Toda historia de amor, afirmaba Heminway, finaliza en tragedia si se prolonga lo suficiente. Si no se rompe por el camino, la destruye la muerte. (...) Es agradable volver la vista al pasado y recordar el primer beso, el primer amor, que no siempre son los primeros que se dieron, los primeros que se vivieron, sino aquellos que traspasaron el alma.No se vive más amor que el primero: a partir de ahí comienzan a amontonarse. De hecho, no se siente más amor que el primero, rememorado una y otra vez. En el amor buscamos convertirnos en inmortales, hacernos inolvidables para la otra persona, y muchas veces lo único que conseguimos es que el fantasma del amado no nos abandone jamás. Los ojos de aquella muchacha que se buscan incansablemente en los demás. El tono de voz, maravilloso en el recuerdo, del chico del primer beso.

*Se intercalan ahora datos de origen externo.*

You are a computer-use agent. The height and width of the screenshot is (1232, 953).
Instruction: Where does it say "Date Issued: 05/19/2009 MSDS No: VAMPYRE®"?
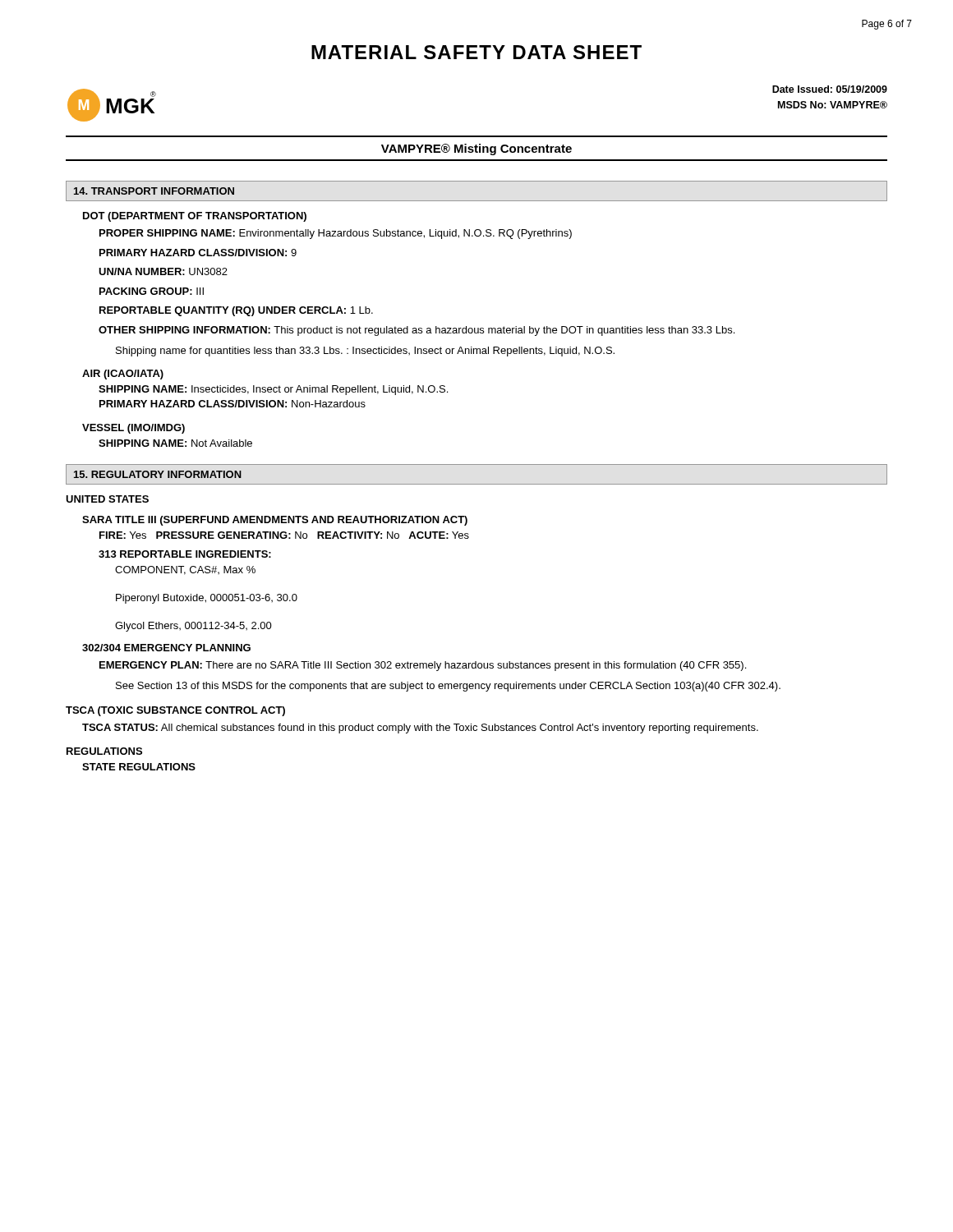(x=830, y=97)
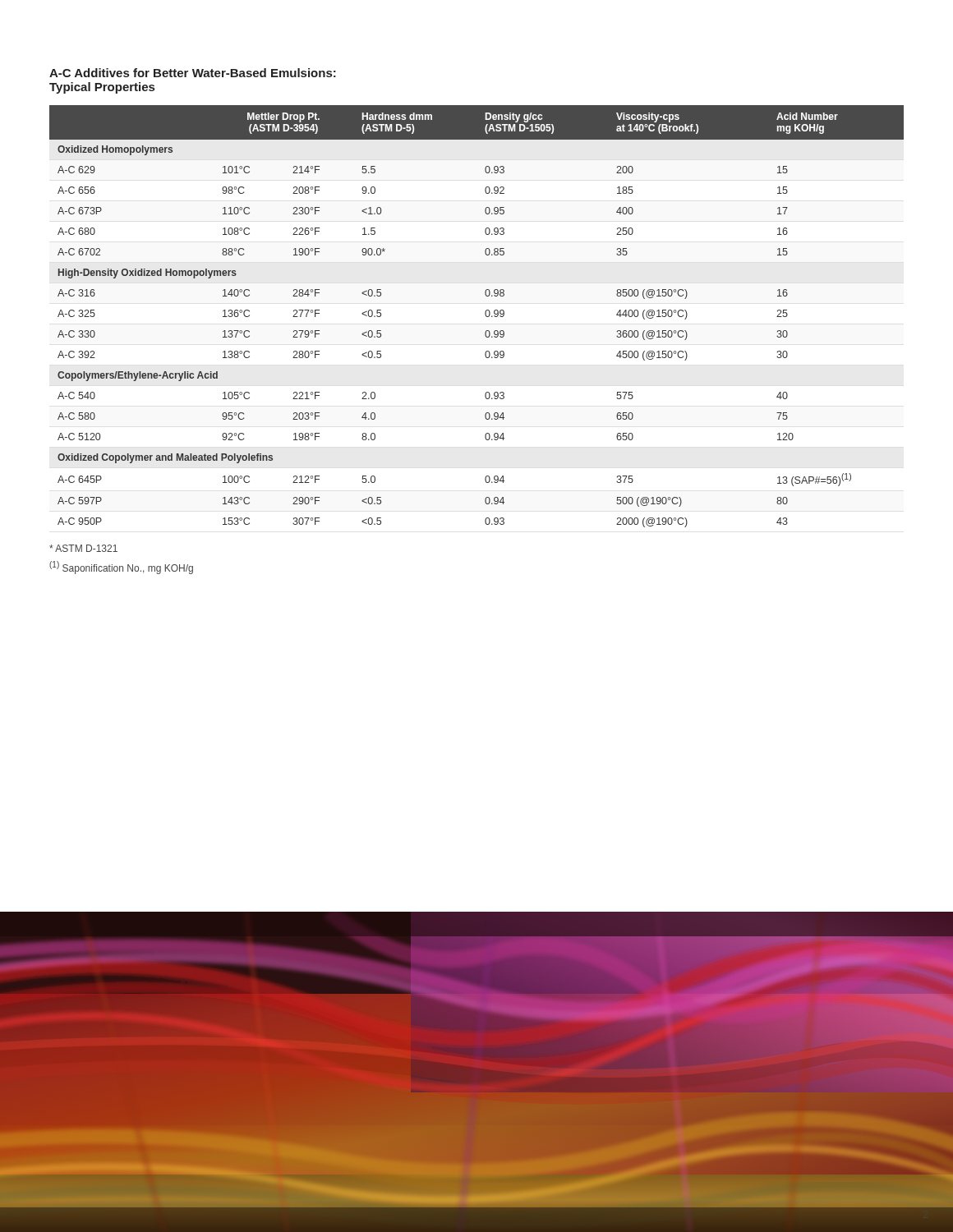Click on the table containing "A-C 330"
Viewport: 953px width, 1232px height.
(x=476, y=319)
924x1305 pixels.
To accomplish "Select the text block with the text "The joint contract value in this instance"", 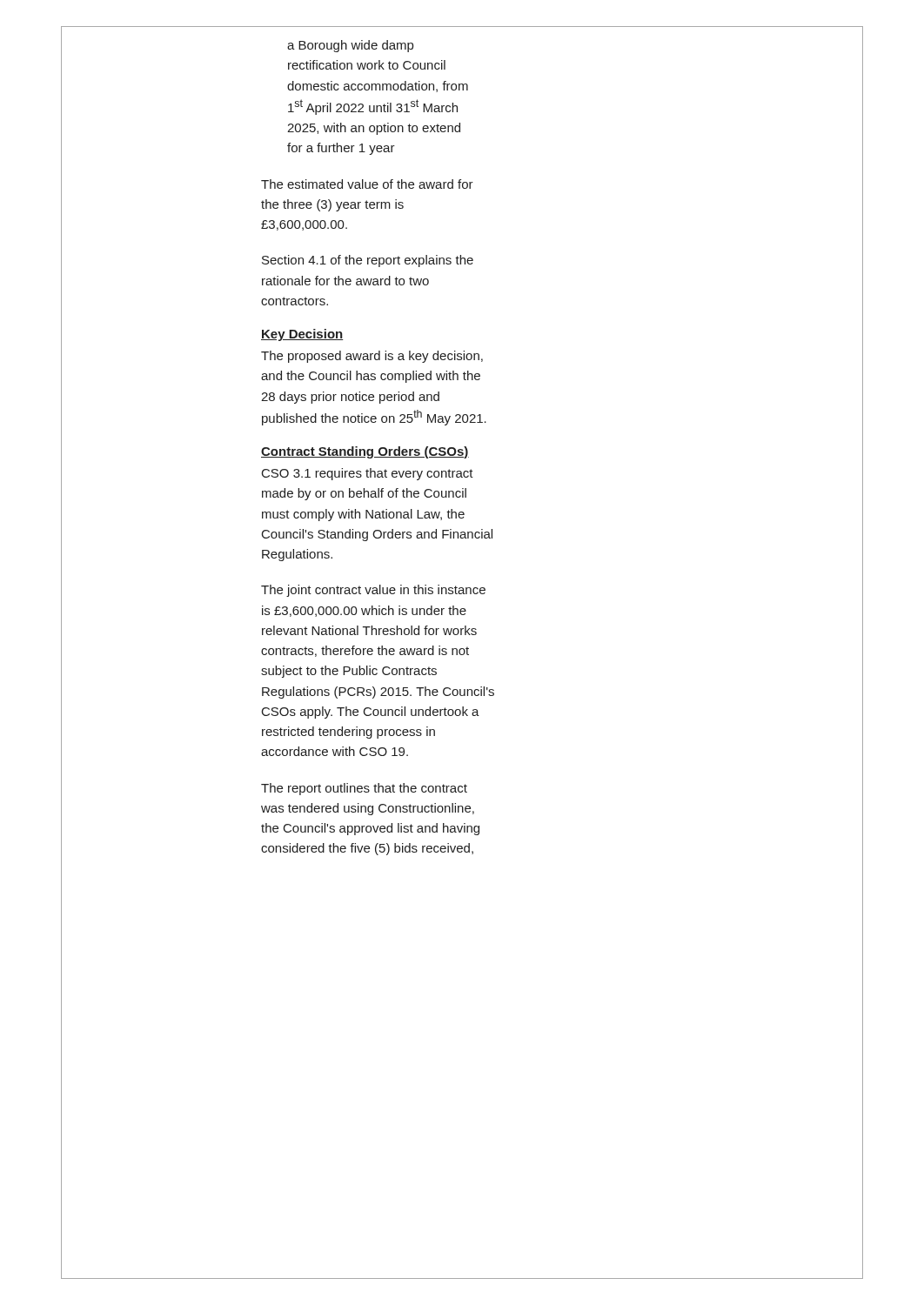I will (378, 671).
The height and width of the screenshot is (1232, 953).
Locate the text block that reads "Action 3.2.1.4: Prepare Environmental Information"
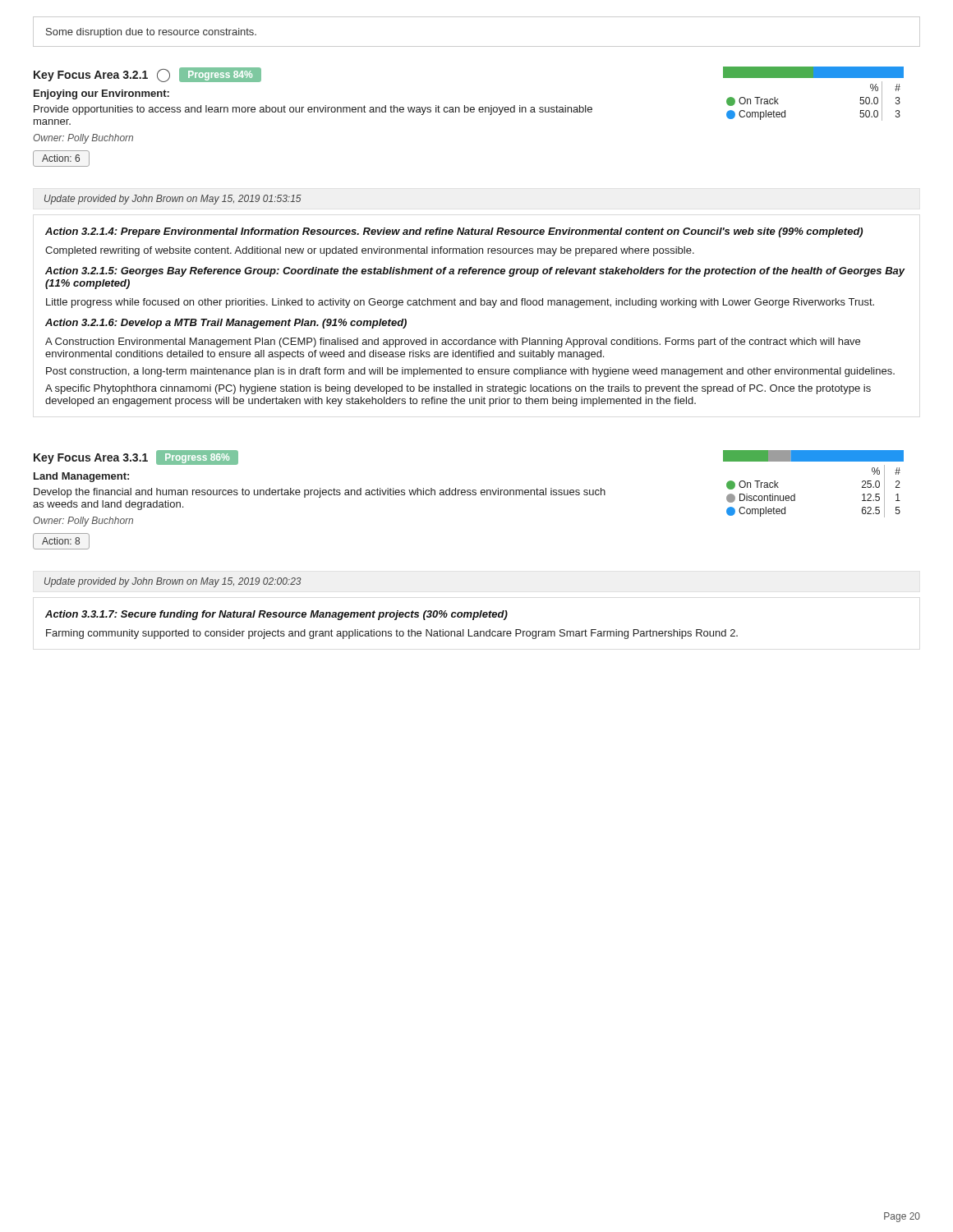476,316
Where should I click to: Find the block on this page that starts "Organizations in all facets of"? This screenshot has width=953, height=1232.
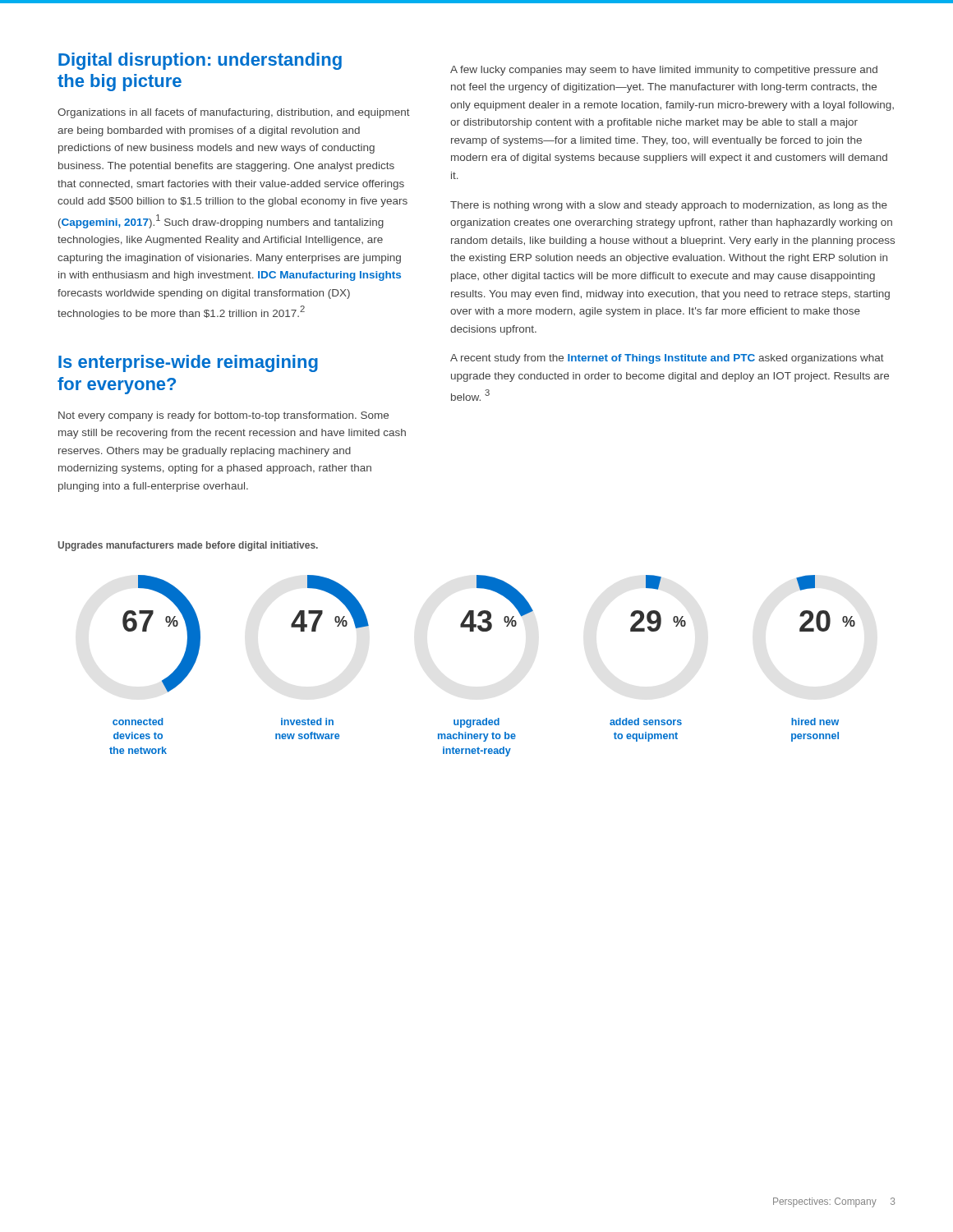(234, 213)
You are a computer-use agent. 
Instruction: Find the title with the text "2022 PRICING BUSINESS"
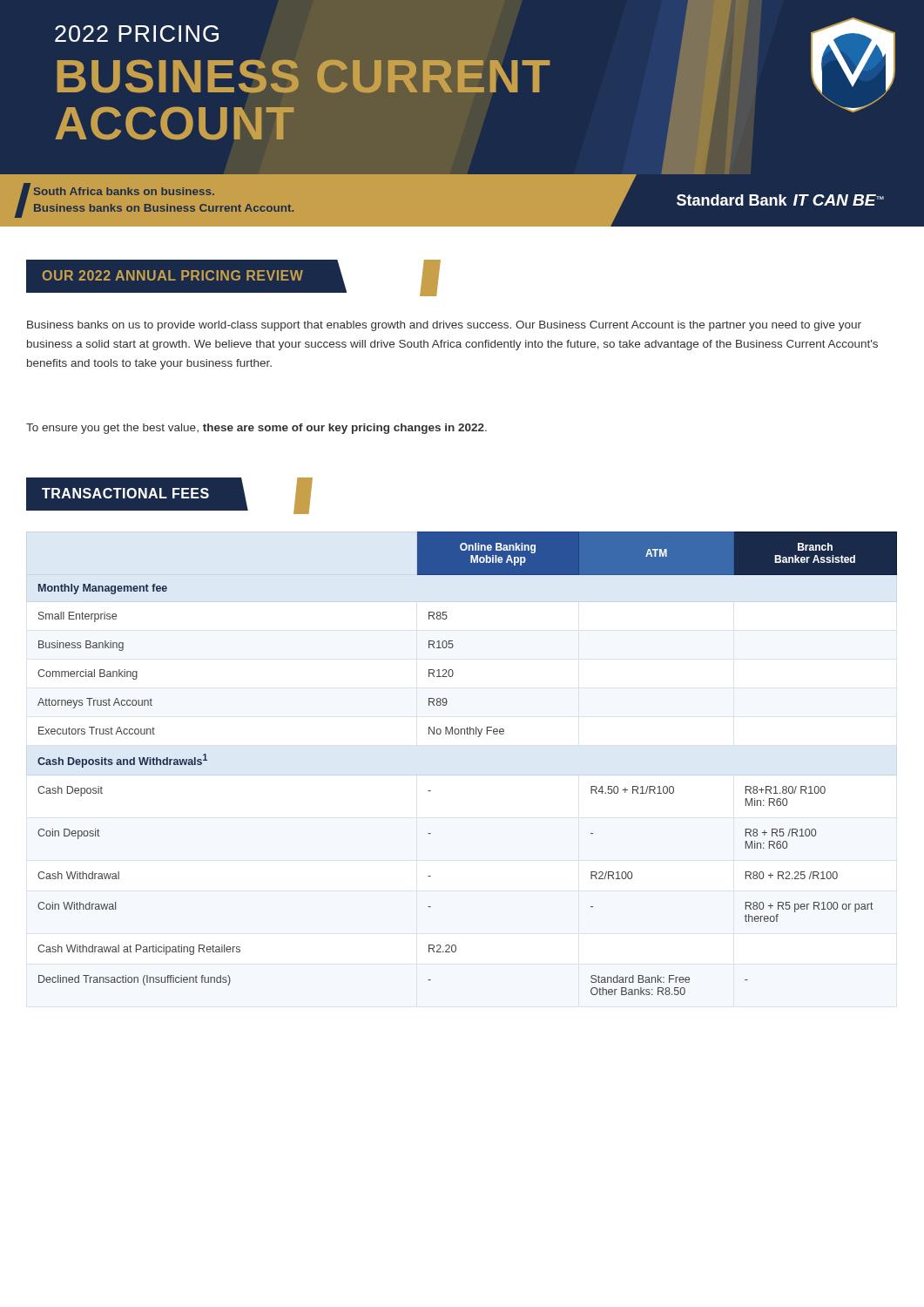[303, 84]

El llamado amor verdadero es, según mucha gente, la única razón para vivir.

La otra cara del amor, se ha dicho siempre, ha sido el sufrimiento. Enamorarse es comprar boletos para el dolor: duelen las distancias, pero también las malas palabras. Los celos, la indiferencia, aunque sea momentánea. Las discusiones y los desacuerdos. Duele esperar un gesto de cariño y saber que quien deseamos no es capaz de dárnoslo. Aun correspondido, existe un ansia de fusión, una nostalgia por la unión completa en la pareja que jamás podrá lograrse. Si existe pasión se sufre. No hay amor sin dolor, separación o miedos.

Y es que ya lo decía Amaia, de LODV;

“Y es que empiezo a pensar, que el amor verdadero es tan sólo el primero; y es que empiezo a sospechar, que los demás, son sólo para olvidar.”